What to do:
Write every entry out again with no changes, and leave the images behind.

Records drawn from a dataset:
------------------------------------------------------------

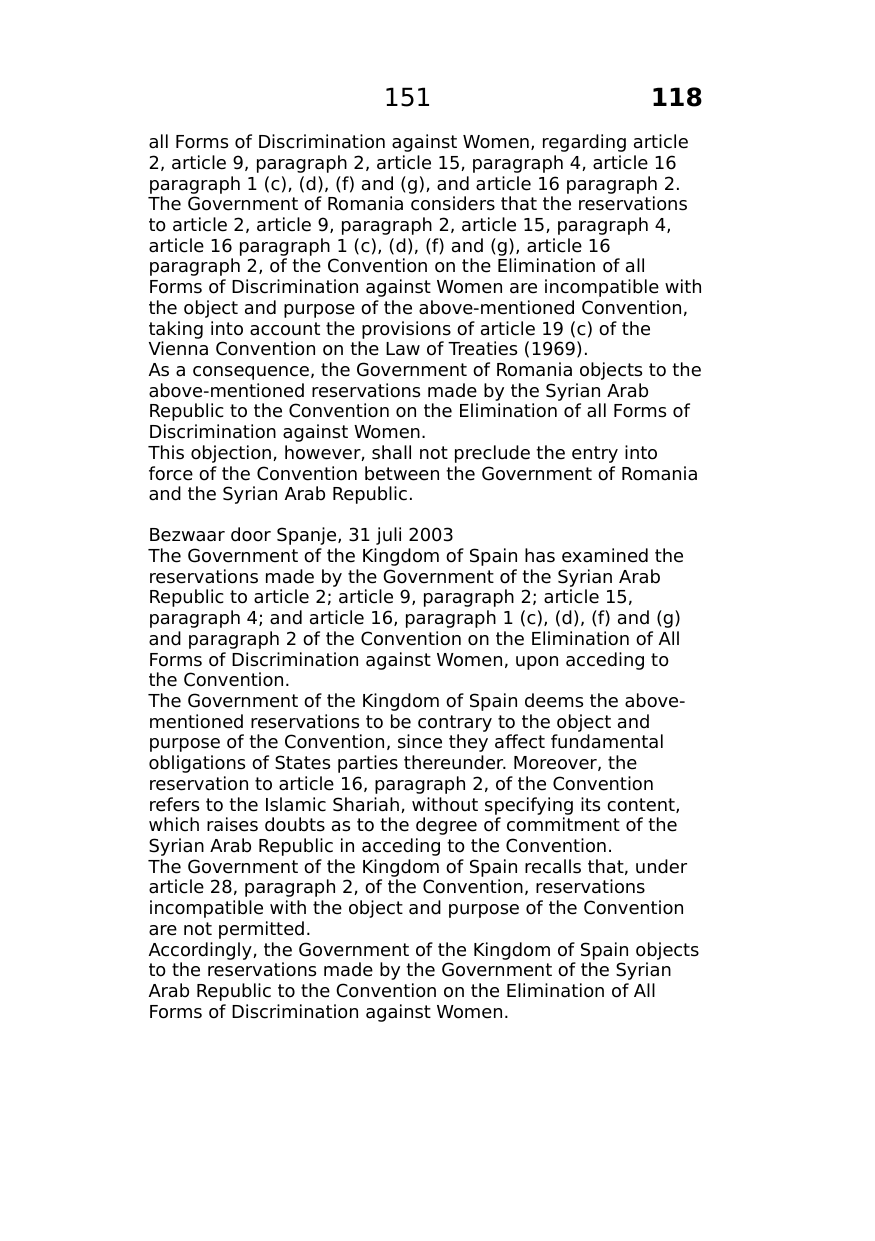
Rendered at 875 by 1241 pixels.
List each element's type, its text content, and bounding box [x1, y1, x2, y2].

text The Government of the Kingdom of Spain recalls that, under article 28, paragraph 2, of the Convention, reservations incompatible with the object and purpose of the Convention are not permitted. [148, 857, 703, 939]
text The Government of the Kingdom of Spain has examined the reservations made by the Government of the Syrian Arab Republic to article 2; article 9, paragraph 2; article 15, paragraph 4; and article 16, paragraph 1 (c), (d), (f) and (g) and paragraph 2 of the Convention on the Elimination of All Forms of Discrimination against Women, upon acceding to the Convention. [148, 546, 703, 691]
text This objection, however, shall not preclude the entry into force of the Convention between the Government of Romania and the Syrian Arab Republic. [148, 443, 703, 505]
text Bezwaar door Spanje, 31 juli 2003 [148, 525, 703, 546]
text The Government of the Kingdom of Spain deems the above-mentioned reservations to be contrary to the object and purpose of the Convention, since they affect fundamental obligations of States parties thereunder. Moreover, the reservation to article 16, paragraph 2, of the Convention refers to the Islamic Shariah, without specifying its content, which raises doubts as to the degree of commitment of the Syrian Arab Republic in acceding to the Convention. [148, 691, 703, 857]
text The Government of Romania considers that the reservations to article 2, article 9, paragraph 2, article 15, paragraph 4, article 16 paragraph 1 (c), (d), (f) and (g), article 16 paragraph 2, of the Convention on the Elimination of all Forms of Discrimination against Women are incompatible with the object and purpose of the above-mentioned Convention, taking into account the provisions of article 19 (c) of the Vienna Convention on the Law of Treaties (1969). [148, 194, 703, 360]
text As a consequence, the Government of Romania objects to the above-mentioned reservations made by the Syrian Arab Republic to the Convention on the Elimination of all Forms of Discrimination against Women. [148, 360, 703, 443]
text Accordingly, the Government of the Kingdom of Spain objects to the reservations made by the Government of the Syrian Arab Republic to the Convention on the Elimination of All Forms of Discrimination against Women. [148, 939, 703, 1022]
text all Forms of Discrimination against Women, regarding article 2, article 9, paragraph 2, article 15, paragraph 4, article 16 paragraph 1 (c), (d), (f) and (g), and article 16 paragraph 2. [148, 132, 703, 194]

------------------------------------------------------------

Reply:
Rendered at 875 by 1241 pixels.
List each element's type, its text content, and bounding box [x1, y1, x2, y2].

text The Government of the Kingdom of Spain recalls that, under article 28, paragraph 2, of the Convention, reservations incompatible with the object and purpose of the Convention are not permitted. [148, 857, 703, 939]
text The Government of the Kingdom of Spain has examined the reservations made by the Government of the Syrian Arab Republic to article 2; article 9, paragraph 2; article 15, paragraph 4; and article 16, paragraph 1 (c), (d), (f) and (g) and paragraph 2 of the Convention on the Elimination of All Forms of Discrimination against Women, upon acceding to the Convention. [148, 546, 703, 691]
text This objection, however, shall not preclude the entry into force of the Convention between the Government of Romania and the Syrian Arab Republic. [148, 443, 703, 505]
text Bezwaar door Spanje, 31 juli 2003 [148, 525, 703, 546]
text The Government of the Kingdom of Spain deems the above-mentioned reservations to be contrary to the object and purpose of the Convention, since they affect fundamental obligations of States parties thereunder. Moreover, the reservation to article 16, paragraph 2, of the Convention refers to the Islamic Shariah, without specifying its content, which raises doubts as to the degree of commitment of the Syrian Arab Republic in acceding to the Convention. [148, 691, 703, 857]
text The Government of Romania considers that the reservations to article 2, article 9, paragraph 2, article 15, paragraph 4, article 16 paragraph 1 (c), (d), (f) and (g), article 16 paragraph 2, of the Convention on the Elimination of all Forms of Discrimination against Women are incompatible with the object and purpose of the above-mentioned Convention, taking into account the provisions of article 19 (c) of the Vienna Convention on the Law of Treaties (1969). [148, 194, 703, 360]
text As a consequence, the Government of Romania objects to the above-mentioned reservations made by the Syrian Arab Republic to the Convention on the Elimination of all Forms of Discrimination against Women. [148, 360, 703, 443]
text Accordingly, the Government of the Kingdom of Spain objects to the reservations made by the Government of the Syrian Arab Republic to the Convention on the Elimination of All Forms of Discrimination against Women. [148, 939, 703, 1022]
text all Forms of Discrimination against Women, regarding article 2, article 9, paragraph 2, article 15, paragraph 4, article 16 paragraph 1 (c), (d), (f) and (g), and article 16 paragraph 2. [148, 132, 703, 194]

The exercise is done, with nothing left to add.